= Thai cultural restoration of 1946–48 =

Thai cultural restoration of 1946–48 was the cultural and social policy of the government of Khuang Aphaiwong and Pridi Banomyong following Thailand's participation in World War II. It abolished the Thai cultural mandates that had been introduced between 1939 and 1942 by the government of Plaek Phibunsongkhram with the goal of modernising the country and abolishing traditional practices, which were seen as backwards. Khuang Aphaiwong, a conservative royalist, decided to order a restoration of traditional Thai culture to reverse the wartime policy of Phibunsongkhram. On 8 April 1948, a military coup d'état forced Khuang out of office and Phibunsongkhram assumed the premiership a second time. The cultural policy of Khuang and Pridi was canceled

The hallmarks of the cultural restoration, as promulgated in January 1946, were:
- Restore Songkran Day as traditional new year day along with modern Gregorian calendar New Year's Day.
- Abolish Thai cultural mandates.
- Abolish Thai spelling reform of 1942 has been used since the Phibun period, Khuang supports encourages the use of the correct Thai writing system.
- Promulgate Thai noble titles back and return the title to politician who was canceled.
- Adopt traditional Raj pattern uniform with the wearing of Chang Kben (Chong kraben) and used formal Thai national costume.

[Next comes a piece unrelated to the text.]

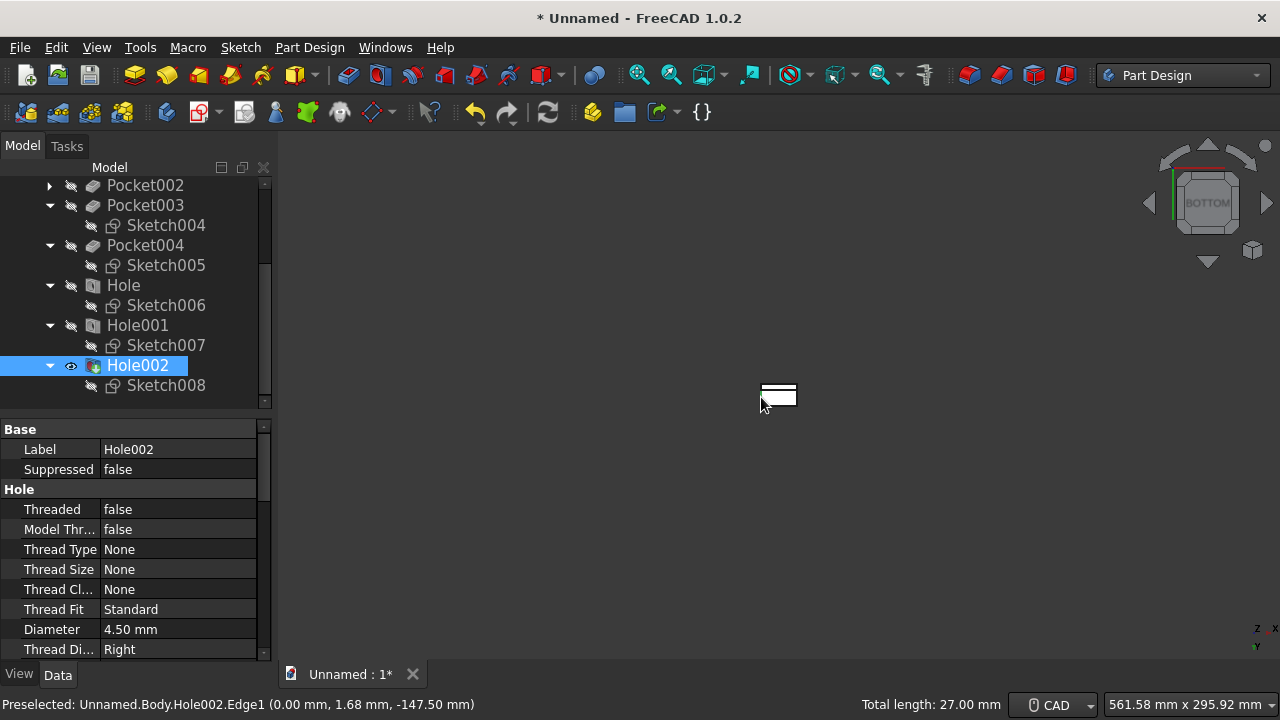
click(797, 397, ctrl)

On 7 September 1946 the Thai government announced that the name of the country would revert to Siam, since the country did not only belong to the Thai race. The name reverted to Thailand in 1949.

After the coup d'état in 1947, in which Khuang was restored to power, the Supreme Council of State of Siam (อภิรัฐมนตรีสภา), which was dissolved during the Siamese revolution of 1932, was restored.